Himself vs Herself

Posted: Tue 24th Nov 2009@15:24

I have noticed whilst reading numerous academic papers, blogs and articles etc., that the Authors tend towards using a the female term to refer to people of an unknown gender, whereas I always understood the default to be the male pronoun.

for example:

We would like to take this opportunity to acknowledge the work of several pioneers, who have worked on making it possible for an average citizen to educate Herself about the laws of the land:

source


I have often wondered to myself, why this is, I wondered whether it was that no-one would get offended at using the female term, but some might get offended if the female term was not represented. Maybe it isn't that at all, perhaps it's just lazyness, as the correct grammer would be to use both e.g.
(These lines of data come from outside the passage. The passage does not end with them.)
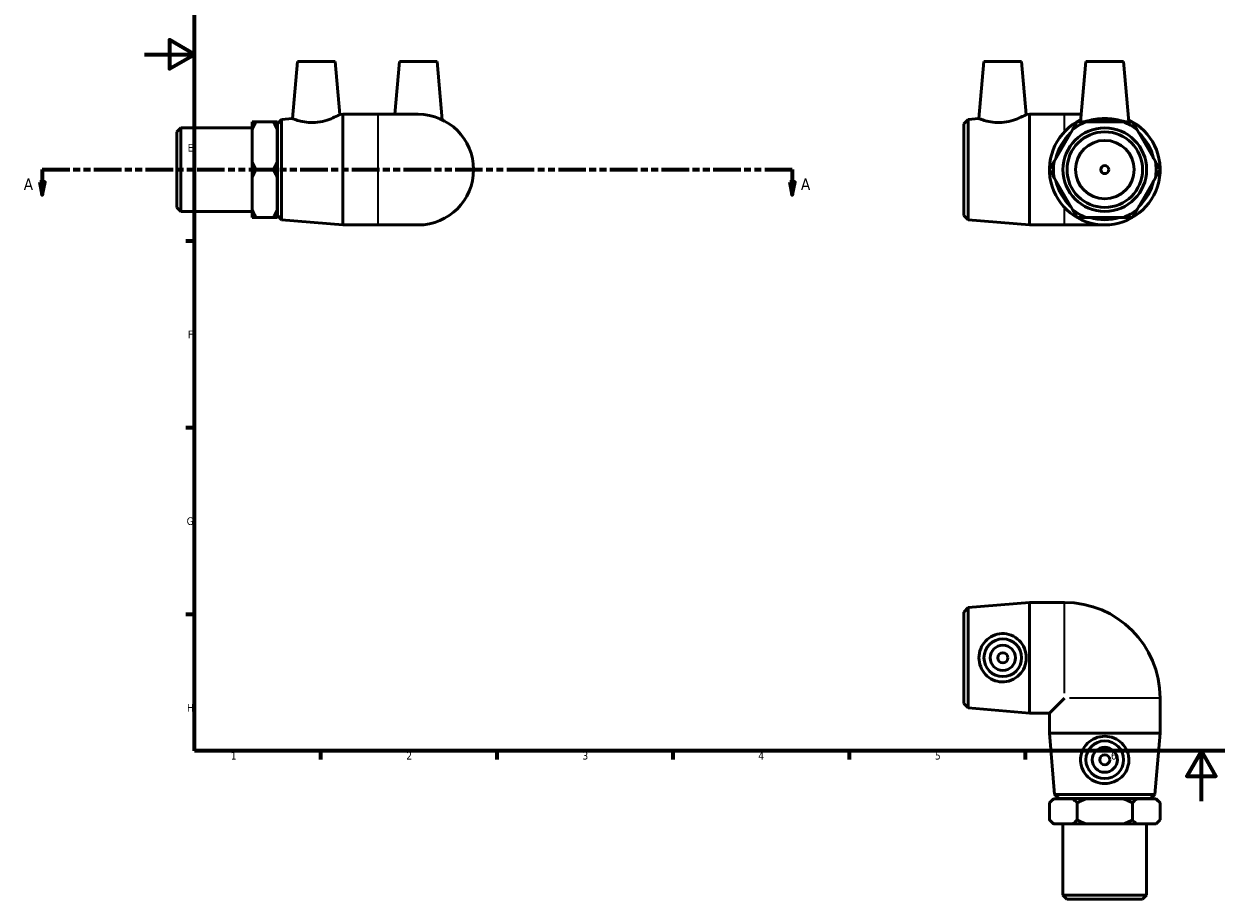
# Model space of a CAD drawing. Header units: millimetres. Extents: x -48 to 901, y -39 to 600.
# Tile 1 of 3: x -48 to 426, y -39 to 309. Entities that reach past the tile are written whole.
import ezdxf

# ---------------------------------------------------------------- set-up
doc = ezdxf.new("R2010")
doc.units = ezdxf.units.MM
doc.linetypes.add('DOUBLE_DASH_CHAIN', pattern=[1.2403, 0.6614, -0.0827, 0.1654, -0.0827, 0.1654, -0.0827])
for name, color, linetype, lineweight in [('Border (ANSI)', 7, 'Continuous', 70), ('Section Line (ANSI)', 7, 'DOUBLE_DASH_CHAIN', 70), ('Visible (ANSI)', 7, 'Continuous', 50), ('Visible Narrow (ANSI)', 7, 'Continuous', 35)]:
    doc.layers.add(name, color=color, linetype=linetype, lineweight=lineweight)
doc.styles.add('Label Text (ANSI)', font='tahoma.ttf')
doc.styles.add('Note Text (ANSI)', font='tahoma.ttf')

# ---------------------------------------------------------------- blocks, each defined once
blk = doc.blocks.new('Borders Default Border')
at = {"layer": 'Border (ANSI)'}
for p, q in [((20, 222.75), (16.55, 222.75)), ((20, 148.5), (16.55, 148.5)), ((20, 74.25), (16.55, 74.25)), ((70.08, 20), (70.08, 16.55)), ((140.17, 20), (140.17, 16.55)), ((210.25, 20), (210.25, 16.55)), ((280.33, 20), (280.33, 16.55)), ((350.42, 20), (350.42, 16.55))]:
    blk.add_line(p, q, dxfattribs=at)
at = {"layer": 'Border (ANSI)', "flags": 128}
for points in [[(20, 20), (20, 574), (821, 574), (821, 20), (20, 20)], [(0, 297), (20, 297), (10, 302.77), (10, 291.23), (20, 297)], [(420.5, 0), (420.5, 20), (414.73, 10), (426.27, 10), (420.5, 20)]]:
    blk.add_lwpolyline(points, dxfattribs=at)
at = {"layer": 'Border (ANSI)', "color": 230, "true_color": 0xff0080, "char_height": 3.05, "attachment_point": 7, "style": 'Note Text (ANSI)'}
for s, insert in [('E', (17.21, 258.35)), ('F', (17.29, 184.1)), ('G', (16.81, 109.79)), ('H', (16.97, 35.6)), ('1', (34.35, 16.55)), ('2', (104.2, 16.55)), ('3', (174.26, 16.49)), ('4', (244.23, 16.55)), ('5', (314.48, 16.49)), ('6', (384.49, 16.49))]:
    blk.add_mtext(s, dxfattribs=dict(at, insert=insert))
blk = doc.blocks.new('2dTransSection0')
at = {"layer": 'Section Line (ANSI)', "linetype": 'DOUBLE_DASH_CHAIN', "ltscale": 16.551283}
blk.add_line((-40.61, 251.18), (257.71, 251.18), dxfattribs=at)
at = {"layer": 'Section Line (ANSI)', "linetype": 'Continuous'}
for p, q in [((-40.61, 251.18), (-29.69, 251.18)), ((-40.61, 251.18), (-40.61, 246.18)), ((246.78, 251.18), (257.71, 251.18)), ((257.71, 251.18), (257.71, 246.18)), ((-41.61, 246.18), (-40.61, 241.18)), ((-39.61, 246.18), (-41.61, 246.18)), ((-40.61, 246.18), (-40.61, 241.18)), ((-40.61, 241.18), (-39.61, 246.18)), ((256.71, 246.18), (257.71, 241.18)), ((258.71, 246.18), (256.71, 246.18)), ((257.71, 246.18), (257.71, 241.18)), ((257.71, 241.18), (258.71, 246.18))]:
    blk.add_line(p, q, dxfattribs=at)
at = {"layer": 'Section Line (ANSI)', "linetype": 'Continuous', "flags": 128}
for points in [[(-41.61, 246.18), (-40.61, 241.18), (-39.61, 246.18), (-41.61, 246.18)], [(256.71, 246.18), (257.71, 241.18), (258.71, 246.18), (256.71, 246.18)]]:
    blk.add_lwpolyline(points, dxfattribs=at)
at = {"layer": 'Section Line (ANSI)'}
for points in [[(-41.61, 246.18), (-40.61, 241.18), (-39.61, 246.18), (-41.61, 246.18)], [(256.71, 246.18), (257.71, 241.18), (258.71, 246.18), (256.71, 246.18)]]:
    blk.add_solid(points, dxfattribs=at)
at = {"layer": 'Section Line (ANSI)', "char_height": 4.57, "attachment_point": 7, "style": 'Label Text (ANSI)'}
for insert in [(-47.98, 243.11), (261.18, 243.11)]:
    blk.add_mtext('A', dxfattribs=dict(at, insert=insert))

msp = doc.modelspace()

# ---------------------------------------------------------------- linework, layer by layer
at = {"layer": 'Visible (ANSI)'}
for p, q in [((60.899, 294.177), (58.913, 271.481)), ((60.899, 294.177), (75.899, 294.177)), ((75.899, 294.177), (77.745, 273.075)), ((101.459, 294.177), (99.621, 273.177)), ((101.459, 294.177), (116.459, 294.177)), ((116.459, 294.177), (118.486, 271.008)), ((333.986, 294.177), (332, 271.481)), ((333.986, 294.177), (348.986, 294.177)), ((348.986, 294.177), (350.832, 273.075)), ((374.546, 294.177), (372.45, 270.23)), ((374.546, 294.177), (389.546, 294.177)), ((389.546, 294.177), (391.641, 270.23)), ((52.959, 269.377), (54.553, 271.112)), ((54.553, 271.112), (58.913, 271.481)), ((54.553, 271.112), (54.553, 231.242)), ((77.745, 273.075), (78.959, 273.177)), ((78.959, 229.177), (78.959, 273.177)), ((78.959, 273.177), (92.959, 273.177)), ((108.959, 273.177), (92.959, 273.177)), ((326.046, 269.377), (327.64, 271.112)), ((327.64, 271.112), (332, 271.481)), ((327.64, 271.112), (327.64, 231.242)), ((350.832, 273.075), (352.046, 273.177)), ((352.046, 229.177), (352.046, 273.177)), ((352.046, 273.177), (366.046, 273.177)), ((372.708, 273.177), (366.046, 273.177)), ((12.959, 266.202), (14.559, 267.802)), ((12.959, 236.153), (12.959, 266.202)), ((14.559, 267.802), (14.559, 234.553)), ((14.559, 267.802), (42.859, 267.802)), ((42.859, 267.018), (42.859, 270.23)), ((42.859, 254.389), (42.859, 267.018)), ((44.459, 270.23), (51.259, 270.23)), ((52.859, 270.23), (52.859, 267.018)), ((52.859, 267.177), (52.959, 267.177)), ((52.859, 267.018), (52.859, 254.389)), ((52.959, 232.977), (52.959, 269.377)), ((326.046, 232.977), (326.046, 269.377)), ((369.191, 267.018), (361.9, 254.389)), ((389.337, 270.23), (374.754, 270.23)), ((402.191, 254.389), (394.9, 267.018)), ((42.859, 247.965), (42.859, 254.389)), ((52.859, 254.389), (52.859, 247.965)), ((42.859, 235.337), (42.859, 247.965)), ((44.459, 251.177), (51.259, 251.177)), ((52.859, 247.965), (52.859, 235.337)), ((361.9, 247.965), (369.191, 235.337)), ((394.9, 235.337), (402.191, 247.965)), ((12.959, 236.153), (14.559, 234.553)), ((14.559, 234.553), (42.859, 234.553)), ((42.859, 232.125), (42.859, 235.337)), ((52.859, 235.337), (52.859, 232.125)), ((52.859, 235.177), (52.959, 235.177)), ((52.959, 232.977), (54.553, 231.242)), ((326.046, 232.977), (327.64, 231.242)), ((51.259, 232.125), (44.459, 232.125)), ((54.553, 231.242), (78.959, 229.177)), ((78.959, 229.177), (92.959, 229.177)), ((92.959, 229.177), (108.959, 229.177)), ((327.64, 231.242), (352.046, 229.177)), ((352.046, 229.177), (366.046, 229.177)), ((366.046, 229.177), (382.046, 229.177)), ((374.754, 232.125), (389.337, 232.125)), ((326.046, 75.229), (327.64, 76.964)), ((327.64, 76.964), (352.046, 79.029)), ((327.64, 76.964), (327.64, 37.094)), ((352.046, 35.029), (352.046, 79.029)), ((352.046, 79.029), (366.046, 79.029)), ((326.046, 38.829), (326.046, 75.229)), ((326.046, 38.829), (327.64, 37.094)), ((366.046, 41.029), (360.046, 35.029)), ((404.046, 27.029), (404.046, 41.029)), ((327.64, 37.094), (352.046, 35.029)), ((352.046, 35.029), (360.046, 35.029)), ((360.046, 27.029), (360.046, 35.029)), ((404.046, 27.029), (360.046, 27.029)), ((362.111, 2.623), (360.046, 27.029)), ((401.98, 2.623), (404.046, 27.029)), ((361.646, 0.929), (360.046, -0.671)), ((361.646, 0.929), (361.9, 0.929)), ((361.9, 0.929), (369.191, 0.929)), ((362.111, 2.623), (401.98, 2.623)), ((363.846, 1.029), (362.111, 2.623)), ((400.246, 1.029), (363.846, 1.029)), ((366.046, 0.929), (366.046, 1.029)), ((369.191, 0.929), (374.754, 0.929)), ((374.754, 0.929), (389.337, 0.929)), ((389.337, 0.929), (394.9, 0.929)), ((394.9, 0.929), (402.191, 0.929)), ((398.046, 0.929), (398.046, 1.029)), ((400.246, 1.029), (401.98, 2.623)), ((402.191, 0.929), (402.446, 0.929)), ((402.446, 0.929), (404.046, -0.671)), ((360.046, -0.671), (360.046, -7.471)), ((371.046, -0.671), (371.046, -7.471)), ((393.046, -7.471), (393.046, -0.671)), ((404.046, -7.471), (404.046, -0.671)), ((361.646, -9.071), (360.046, -7.471)), ((361.9, -9.071), (361.646, -9.071)), ((369.191, -9.071), (361.9, -9.071)), ((365.421, -37.371), (365.421, -9.071)), ((374.754, -9.071), (369.191, -9.071)), ((389.337, -9.071), (374.754, -9.071)), ((394.9, -9.071), (389.337, -9.071)), ((402.191, -9.071), (394.9, -9.071)), ((398.67, -37.371), (398.67, -9.071)), ((402.446, -9.071), (402.191, -9.071)), ((402.446, -9.071), (404.046, -7.471)), ((365.421, -37.371), (398.67, -37.371)), ((367.021, -38.971), (365.421, -37.371)), ((397.07, -38.971), (398.67, -37.371)), ((397.07, -38.971), (367.021, -38.971))]:
    msp.add_line(p, q, dxfattribs=at)
for centre, radius in [((382.046, 251.177), 16.625), ((382.046, 251.177), 15.024), ((382.046, 251.177), 11.637), ((382.046, 251.177), 1.6), ((341.486, 57.029), 7.5), ((341.486, 57.029), 5), ((341.486, 57.029), 2), ((382.046, 16.469), 7.5), ((382.046, 16.469), 5), ((382.046, 16.469), 2)]:
    msp.add_circle(centre, radius, dxfattribs=at)
for centre, radius, start, end in [((108.959, 251.177), 22, 270, 90), ((382.046, 251.177), 22, 115.66128, 64.33872), ((382.046, 251.177), 19.935, 72.88943, 107.11057), ((382.046, 251.177), 19.935, 132.88943, 167.11057), ((382.046, 251.177), 20.4, 110.941, 129.059), ((382.046, 251.177), 20.4, 50.941, 69.059), ((382.046, 251.177), 19.935, 12.88943, 47.11057), ((382.046, 251.177), 20.4, 170.941, 189.059), ((382.046, 251.177), 20.4, 350.941, 9.059), ((382.046, 251.177), 19.935, 192.88943, 227.11057), ((382.046, 251.177), 19.935, 312.88943, 347.11057), ((382.046, 251.177), 20.4, 230.941, 249.059), ((382.046, 251.177), 20.4, 290.941, 309.059), ((382.046, 251.177), 19.935, 252.88943, 287.11057), ((366.046, 41.029), 38, 0, 90)]:
    msp.add_arc(centre, radius, start, end, dxfattribs=at)
for points, knots in [([(67.964, 269.927), (66.796, 269.839), (65.564, 269.873), (63.328, 270.146), (62.322, 270.376), (60.739, 270.812), (60.053, 271.051), (59.139, 271.387), (58.913, 271.481), (58.913, 271.481)], [0, 0, 0, 0, 0.3515946, 0.3515946, 0.7031892, 0.7031892, 1.0576098, 1.0576098, 1.4120305, 1.4120305, 1.4120305, 1.4120305]), ([(77.745, 273.075), (77.745, 273.075), (77.495, 272.939), (76.509, 272.441), (75.775, 272.084), (74.076, 271.363), (72.985, 270.947), (70.566, 270.272), (69.236, 270.023), (67.964, 269.927)], [4.3336738, 4.3336738, 4.3336738, 4.3336738, 4.7055805, 4.7055805, 5.0774873, 5.0774873, 5.4603869, 5.4603869, 5.8432866, 5.8432866, 5.8432866, 5.8432866]), ([(341.051, 269.927), (339.883, 269.839), (338.651, 269.873), (336.415, 270.146), (335.409, 270.376), (333.826, 270.812), (333.14, 271.051), (332.226, 271.387), (332, 271.481), (332, 271.481)], [0, 0, 0, 0, 0.3515946, 0.3515946, 0.7031892, 0.7031892, 1.0576098, 1.0576098, 1.4120305, 1.4120305, 1.4120305, 1.4120305]), ([(350.832, 273.075), (350.832, 273.075), (350.582, 272.939), (349.596, 272.441), (348.862, 272.084), (347.163, 271.363), (346.072, 270.947), (343.653, 270.272), (342.323, 270.023), (341.051, 269.927)], [4.3336738, 4.3336738, 4.3336738, 4.3336738, 4.7055805, 4.7055805, 5.0774873, 5.0774873, 5.4603869, 5.4603869, 5.8432866, 5.8432866, 5.8432866, 5.8432866]), ([(390.021, 270.23), (389.629, 270.342), (389.181, 270.469), (387.857, 270.812), (386.798, 271.051), (384.483, 271.387), (383.227, 271.481), (380.864, 271.481), (379.608, 271.387), (377.293, 271.051), (376.234, 270.812), (374.91, 270.469), (374.462, 270.342), (374.07, 270.23)], [0.5034365, 0.5034365, 0.5034365, 0.5034365, 0.7031892, 0.7031892, 1.0576098, 1.0576098, 1.4120305, 1.4120305, 1.7664511, 1.7664511, 2.1208717, 2.1208717, 2.3206244, 2.3206244, 2.3206244, 2.3206244]), ([(341.051, 47.417), (339.883, 47.462), (338.651, 47.747), (336.415, 48.782), (335.409, 49.531), (333.826, 51.217), (333.14, 52.276), (332.226, 54.591), (332, 55.847), (332, 58.21), (332.226, 59.467), (333.14, 61.781), (333.826, 62.84), (335.409, 64.527), (336.415, 65.276), (338.651, 66.311), (339.883, 66.596), (342.323, 66.69), (343.653, 66.463), (346.072, 65.486), (347.163, 64.738), (348.862, 63.027), (349.596, 61.955), (350.582, 59.576), (350.832, 58.268), (350.832, 55.789), (350.582, 54.482), (349.596, 52.103), (348.862, 51.03), (347.163, 49.32), (346.072, 48.571), (343.653, 47.595), (342.323, 47.368), (341.051, 47.417)], [0, 0, 0, 0, 0.3515946, 0.3515946, 0.7031892, 0.7031892, 1.0576098, 1.0576098, 1.4120305, 1.4120305, 1.7664511, 1.7664511, 2.1208717, 2.1208717, 2.4724663, 2.4724663, 2.8240609, 2.8240609, 3.2069606, 3.2069606, 3.5898602, 3.5898602, 3.961767, 3.961767, 4.3336738, 4.3336738, 4.7055805, 4.7055805, 5.0774873, 5.0774873, 5.4603869, 5.4603869, 5.8432866, 5.8432866, 5.8432866, 5.8432866]), ([(391.657, 16.034), (391.612, 14.867), (391.327, 13.635), (390.293, 11.398), (389.544, 10.392), (387.857, 8.81), (386.798, 8.123), (384.483, 7.209), (383.227, 6.983), (380.864, 6.983), (379.608, 7.209), (377.293, 8.123), (376.234, 8.81), (374.548, 10.392), (373.799, 11.398), (372.764, 13.635), (372.479, 14.867), (372.385, 17.306), (372.612, 18.637), (373.588, 21.055), (374.336, 22.147), (376.047, 23.845), (377.119, 24.579), (379.498, 25.565), (380.806, 25.815), (383.285, 25.815), (384.593, 25.565), (386.972, 24.579), (388.044, 23.845), (389.755, 22.147), (390.503, 21.055), (391.479, 18.637), (391.706, 17.306), (391.657, 16.034)], [0, 0, 0, 0, 0.3515946, 0.3515946, 0.7031892, 0.7031892, 1.0576098, 1.0576098, 1.4120305, 1.4120305, 1.7664511, 1.7664511, 2.1208717, 2.1208717, 2.4724663, 2.4724663, 2.8240609, 2.8240609, 3.2069606, 3.2069606, 3.5898602, 3.5898602, 3.961767, 3.961767, 4.3336738, 4.3336738, 4.7055805, 4.7055805, 5.0774873, 5.0774873, 5.4603869, 5.4603869, 5.8432866, 5.8432866, 5.8432866, 5.8432866])]:
    msp.add_open_spline(points, degree=3, knots=knots, dxfattribs=at)
for points in [[(42.859, 267.018), (43.496, 268.563), (44.459, 270.23)], [(44.459, 270.23), (43.496, 270.23), (42.859, 270.23)], [(51.259, 270.23), (52.221, 268.563), (52.859, 267.018)], [(52.859, 270.23), (52.221, 270.23), (51.259, 270.23)], [(371.046, 270.23), (370.083, 268.563), (369.191, 267.018)], [(374.754, 270.23), (372.97, 270.23), (371.046, 270.23)], [(393.046, 270.23), (391.121, 270.23), (389.337, 270.23)], [(394.9, 267.018), (394.008, 268.563), (393.046, 270.23)], [(44.459, 251.177), (43.496, 252.844), (42.859, 254.389)], [(52.859, 254.389), (52.221, 252.844), (51.259, 251.177)], [(361.9, 254.389), (361.008, 252.844), (360.046, 251.177)], [(404.046, 251.177), (403.083, 252.844), (402.191, 254.389)], [(42.859, 247.965), (43.496, 249.511), (44.459, 251.177)], [(51.259, 251.177), (52.221, 249.511), (52.859, 247.965)], [(360.046, 251.177), (361.008, 249.511), (361.9, 247.965)], [(402.191, 247.965), (403.083, 249.511), (404.046, 251.177)], [(44.459, 232.125), (43.496, 233.791), (42.859, 235.337)], [(52.859, 235.337), (52.221, 233.791), (51.259, 232.125)], [(369.191, 235.337), (370.083, 233.791), (371.046, 232.125)], [(393.046, 232.125), (394.008, 233.791), (394.9, 235.337)], [(42.859, 232.125), (43.496, 232.125), (44.459, 232.125)], [(51.259, 232.125), (52.221, 232.125), (52.859, 232.125)], [(371.046, 232.125), (372.97, 232.125), (374.754, 232.125)], [(389.337, 232.125), (391.121, 232.125), (393.046, 232.125)], [(360.046, -0.671), (361.008, 0.291), (361.9, 0.929)], [(369.191, 0.929), (370.083, 0.291), (371.046, -0.671)], [(371.046, -0.671), (372.97, 0.291), (374.754, 0.929)], [(389.337, 0.929), (391.121, 0.291), (393.046, -0.671)], [(393.046, -0.671), (394.008, 0.291), (394.9, 0.929)], [(402.191, 0.929), (403.083, 0.291), (404.046, -0.671)], [(361.9, -9.071), (361.008, -8.433), (360.046, -7.471)], [(371.046, -7.471), (370.083, -8.433), (369.191, -9.071)], [(374.754, -9.071), (372.97, -8.433), (371.046, -7.471)], [(393.046, -7.471), (391.121, -8.433), (389.337, -9.071)], [(394.9, -9.071), (394.008, -8.433), (393.046, -7.471)], [(404.046, -7.471), (403.083, -8.433), (402.191, -9.071)]]:
    msp.add_rational_spline(points, [1, 1.00384797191, 1], degree=2, dxfattribs=at)
at = {"layer": 'Visible Narrow (ANSI)'}
for p, q in [((92.959, 229.448), (92.959, 272.907)), ((366.046, 266.916), (366.046, 273.159)), ((366.046, 229.196), (366.046, 235.439)), ((366.046, 42.939), (366.046, 78.873)), ((403.889, 41.029), (367.956, 41.029))]:
    msp.add_line(p, q, dxfattribs=at)

# ---------------------------------------------------------------- block references
msp.add_blockref('Borders Default Border', (0, 0))
at = {"layer": 'Section Line (ANSI)'}
msp.add_blockref('2dTransSection0', (0, 0), dxfattribs=at)

doc.saveas('drawing.dxf')

We would like to take this opportunity to acknowledge the work of several pioneers, who have worked on making it possible for an average citizen to educate Himself or Herself about the laws of the land:


Suspended hyphenation may be accetable, Him- or Herself, but the nearest I could find to an appropriate shortened version would be to use Themselves (but not Themself), but I get the impression that is only acceptable in British English (En-UK?).

I think I will try to use the full terminology. Does anyone know and English expert who can tell me the correct usage? :)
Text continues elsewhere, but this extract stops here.